Leaving the country was the only way to salvage last summer. I was living by myself in an apartment that was two-thirds empty (both roommates were deserters), spending my mornings as a court reporter writing stories on petty crimes and my afternoons in the classroom, finishing graduate degree electives. Beyond the everyday routine, more significant problems decorated my days: My mom had a last minute surgery at the beginning of summer; I was confronted with the typical relationship problems of any college coed, verging on devastated with the way things in one relationship were ending; and, on the way to a job interview, the brakes went out in my car.
While I was driving.
By the end of summer, I was ready to get away. And, luckily, I had signed up last minute to take an elective course that spent its first three weeks in the United States and then two more in Prague, in the Czech Republic. I didn’t know much about Prague, beyond a few cultural lessons we had in class; but I did know that the United States wasn’t doing much for me.

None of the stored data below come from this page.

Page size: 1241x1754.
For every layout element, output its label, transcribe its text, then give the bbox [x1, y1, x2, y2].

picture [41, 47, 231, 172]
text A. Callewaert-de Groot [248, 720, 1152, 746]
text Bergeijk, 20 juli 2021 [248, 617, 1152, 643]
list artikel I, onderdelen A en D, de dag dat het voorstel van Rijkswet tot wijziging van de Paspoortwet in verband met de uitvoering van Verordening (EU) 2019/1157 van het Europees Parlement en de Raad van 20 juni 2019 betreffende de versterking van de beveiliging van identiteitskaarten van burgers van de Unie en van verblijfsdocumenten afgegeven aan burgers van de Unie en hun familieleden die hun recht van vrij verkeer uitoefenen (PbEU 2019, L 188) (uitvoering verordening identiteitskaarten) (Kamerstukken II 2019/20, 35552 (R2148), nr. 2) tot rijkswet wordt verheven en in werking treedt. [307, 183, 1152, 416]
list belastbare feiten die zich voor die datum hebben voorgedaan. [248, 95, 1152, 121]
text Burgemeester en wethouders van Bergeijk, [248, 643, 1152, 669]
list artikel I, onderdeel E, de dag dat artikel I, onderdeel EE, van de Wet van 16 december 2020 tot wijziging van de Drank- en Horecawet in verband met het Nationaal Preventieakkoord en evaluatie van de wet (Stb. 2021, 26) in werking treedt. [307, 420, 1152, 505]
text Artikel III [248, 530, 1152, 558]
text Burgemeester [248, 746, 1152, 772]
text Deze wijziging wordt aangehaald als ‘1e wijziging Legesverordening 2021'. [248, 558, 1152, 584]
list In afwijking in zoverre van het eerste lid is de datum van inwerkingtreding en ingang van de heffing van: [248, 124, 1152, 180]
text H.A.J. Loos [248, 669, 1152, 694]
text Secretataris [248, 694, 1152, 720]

Anything would be better, and I would like to say I danced my way onto our flight overseas.
Our flight to Prague was quick and quiet – I slept almost the entire time, as I had adamantly promised my classmates I would. I am gifted in that I cannot stay awake on a plane, especially on long flights. It’s a matter of minutes before I’m asleep, and the flight to Prague was no different.
The class was small, only ten students and two teachers; a tour guide from a local university had arranged for a bus to pick us up and take us to the hotel where we would be living. Everything was gorgeous – the day was beautiful, the sun bright, temperatures high. The ride into the city was nothing short of magnificent. We watched as Prague Castle came into view first, and then the rest of the sprawling Eastern European hub.

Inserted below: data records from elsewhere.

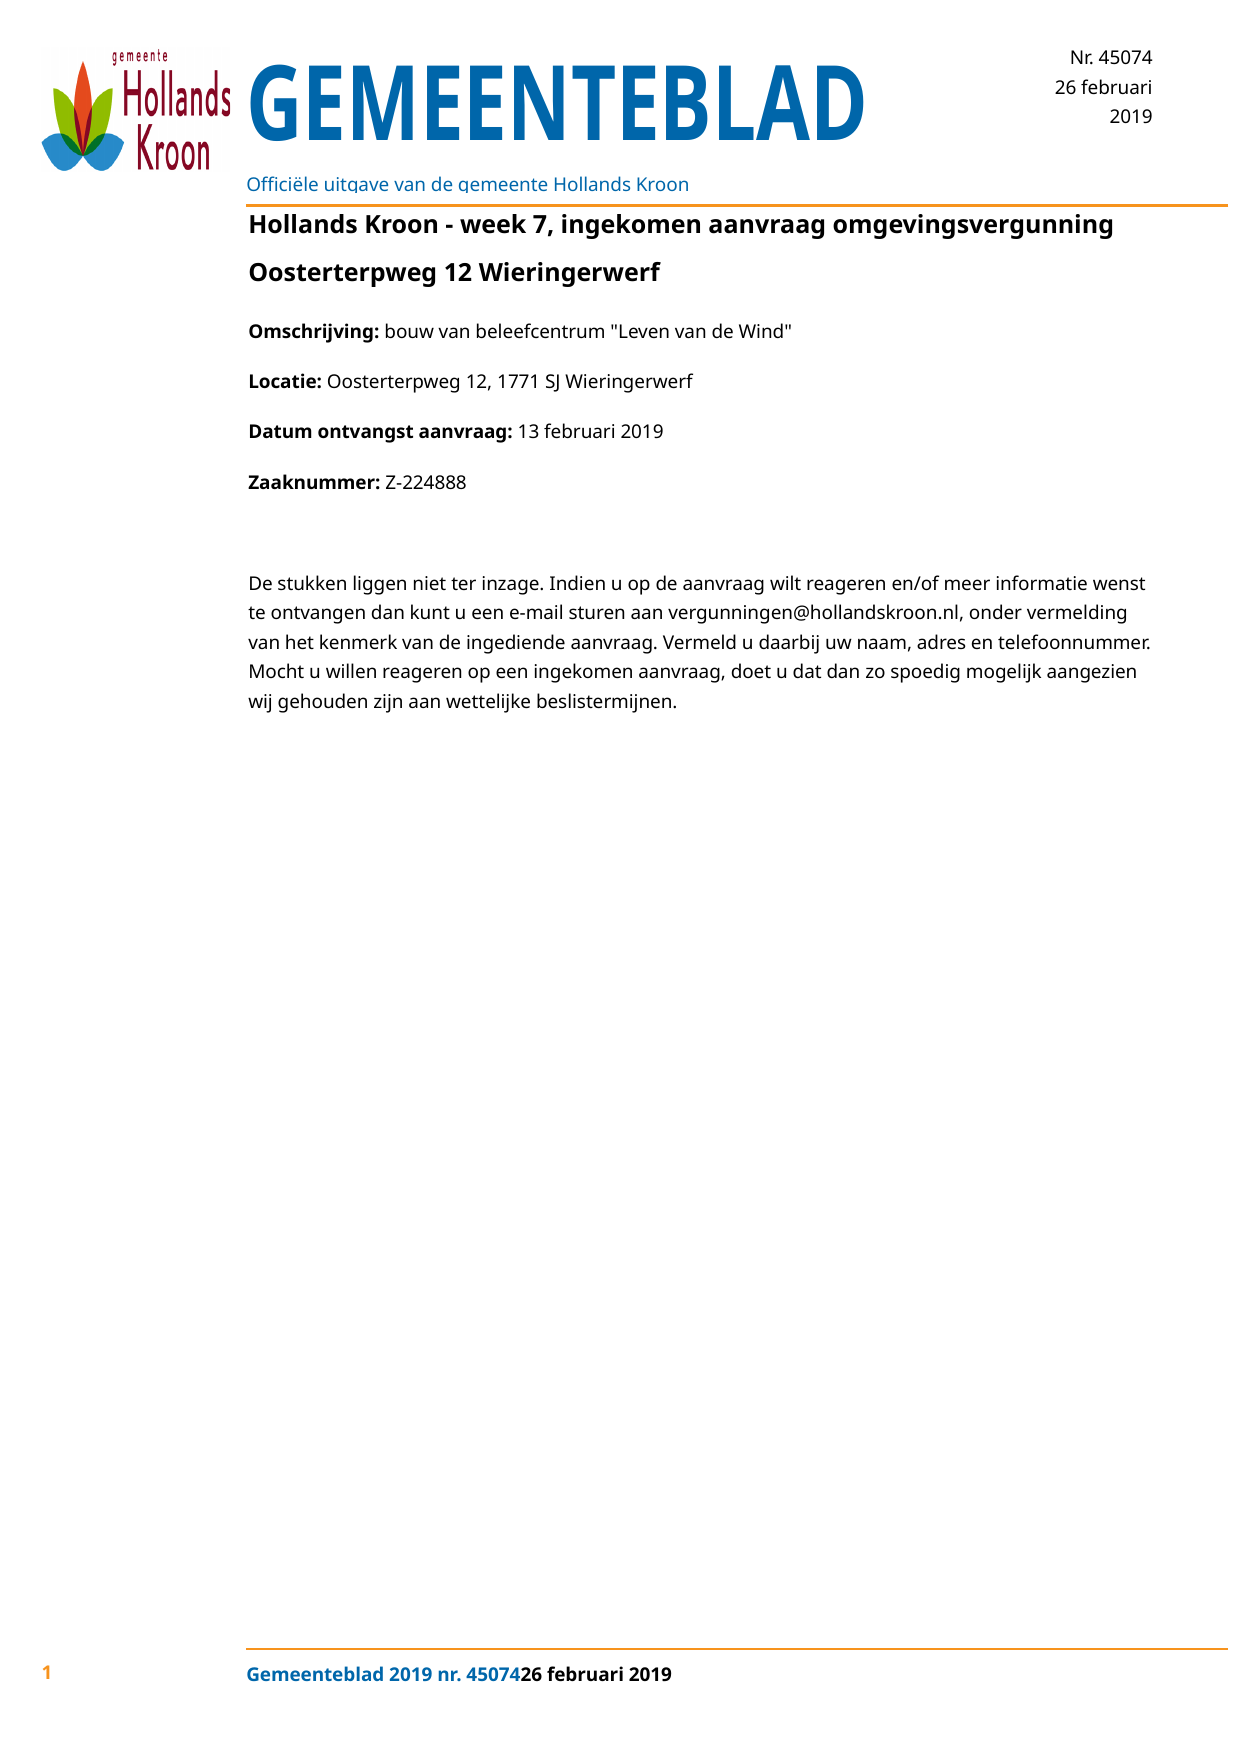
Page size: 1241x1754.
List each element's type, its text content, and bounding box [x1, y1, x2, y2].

text Datum ontvangst aanvraag: 13 februari 2019 [248, 419, 1152, 444]
picture [41, 47, 231, 172]
text Locatie: Oosterterpweg 12, 1771 SJ Wieringerwerf [248, 368, 1152, 394]
text Hollands Kroon - week 7, ingekomen aanvraag omgevingsvergunning Oosterterpweg 12 Wieringerwerf [248, 207, 1152, 288]
text Zaaknummer: Z-224888 [248, 469, 1152, 495]
text De stukken liggen niet ter inzage. Indien u op de aanvraag wilt reageren en/of meer informatie wenst te ontvangen dan kunt u een e-mail sturen aan vergunningen@hollandskroon.nl, onder vermelding van het kenmerk van de ingediende aanvraag. Vermeld u daarbij uw naam, adres en telefoonnummer. Mocht u willen reageren op een ingekomen aanvraag, doet u dat dan zo spoedig mogelijk aangezien wij gehouden zijn aan wettelijke beslistermijnen. [248, 570, 1152, 714]
text Omschrijving: bouw van beleefcentrum "Leven van de Wind" [248, 318, 1152, 344]

The first activity we did as a class was a group dinner just off of Prague’s main square. Our tour guide led our two professors, as well as our school’s director, and us students to a rooftop restaurant with a view that overlooked the city and the river running through it. We took in the scenes while eating… including watching the sky slowly darken, with storm clouds rolling in over the river.

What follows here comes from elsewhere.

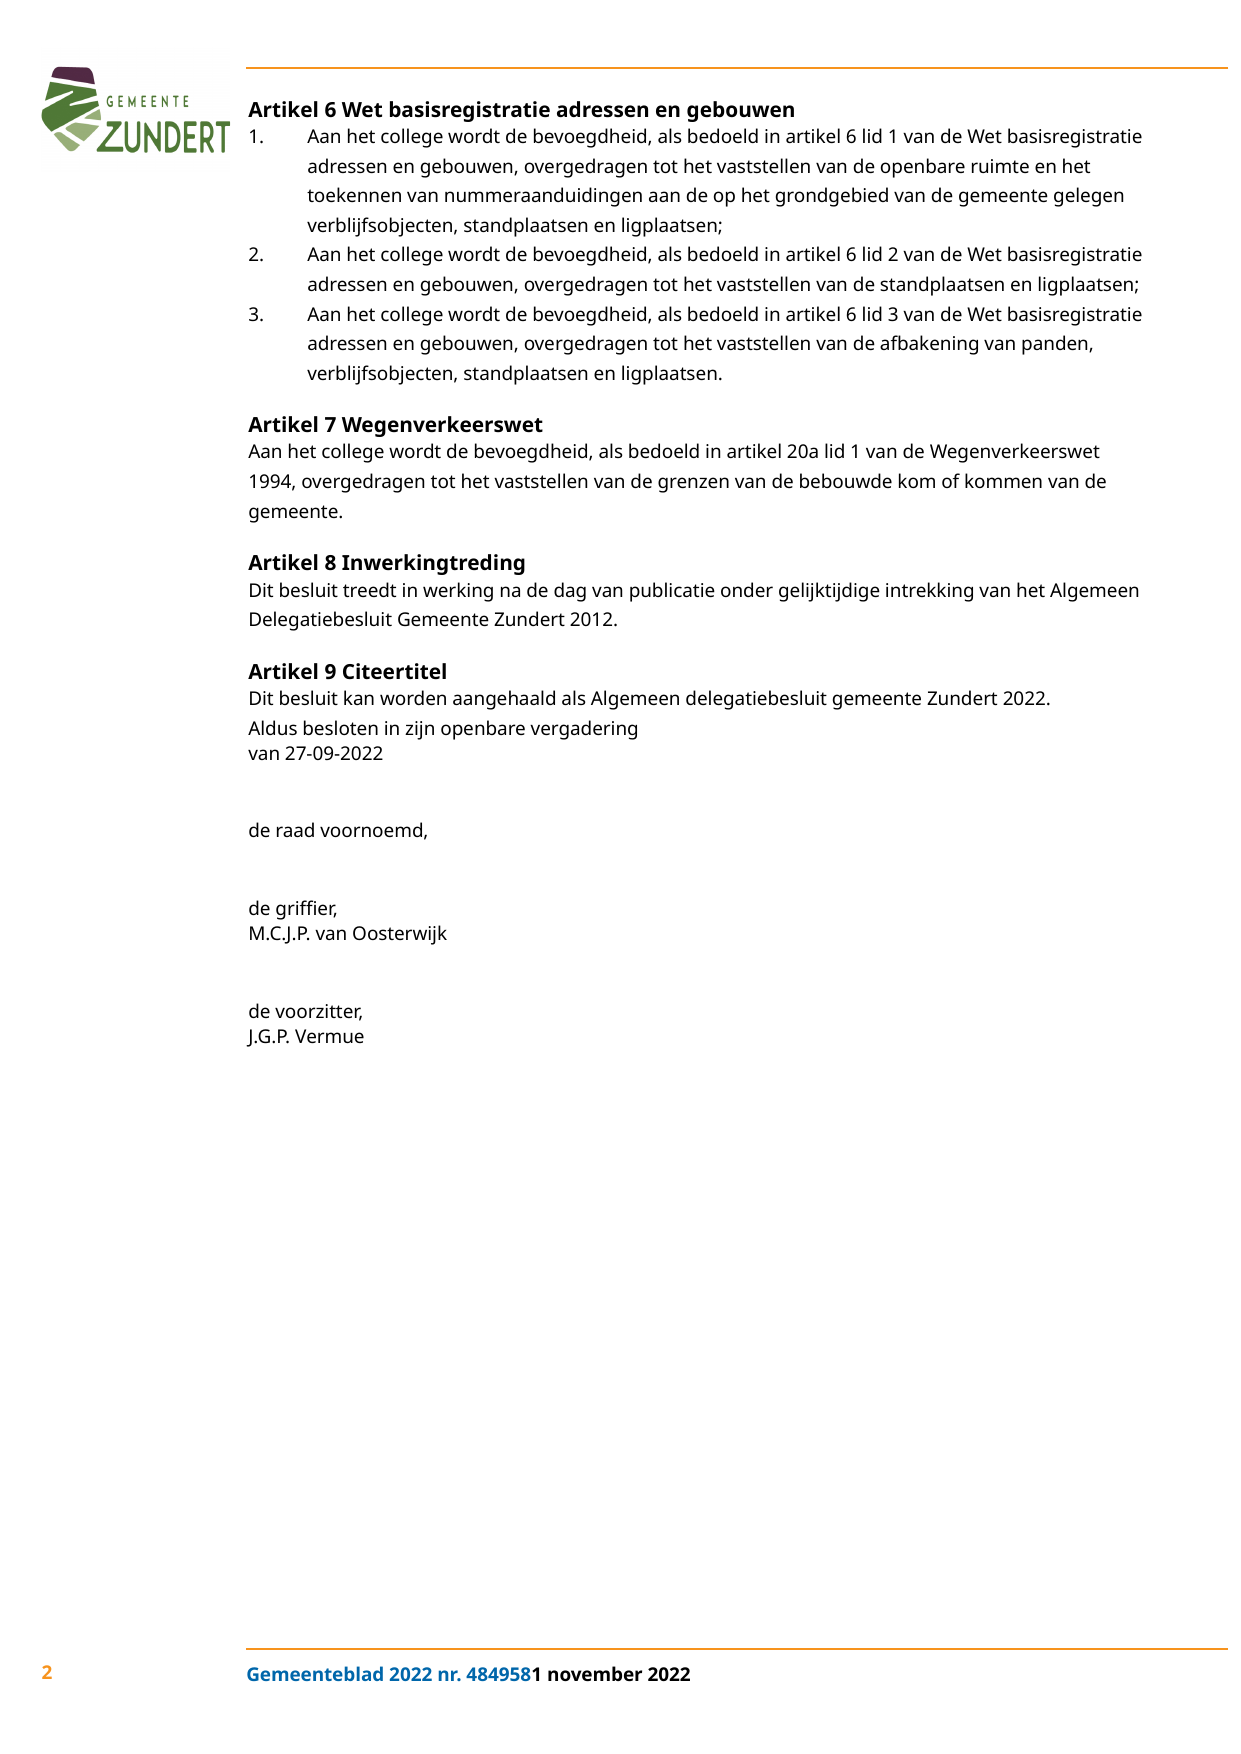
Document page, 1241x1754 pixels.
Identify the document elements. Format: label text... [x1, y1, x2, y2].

It was pouring by the end of our meal.
Yet once we were all soaked, we embraced it. We made it to Charles Bridge, one of the main bridges in Prague, and as a class we ran across it to get back to our hotel. I ran barefoot across the Charles Bridge in a downpour, and it was the best thing to happen to me all summer.
I didn’t think about anything else; I didn’t consider how poorly it could end for my feet. Instead, I ripped my shoes off, holding them in one hand; in the other, I grabbed a handful of my skirt, so it would be even easier to run. I could feel the grainy dirt from the bridge on the soles of my feet, while the rain pounded on my face, my arms, my back. I could barely keep my eyes open as I ran. Yet I did, just so I could see my friends who were running ahead of me, the only other people on the bridge. I wanted to see this huge bridge as empty as we would ever see it, and remember how it looked with just us running across it.
Of everything from last summer, that’s what I’ll remember the longest.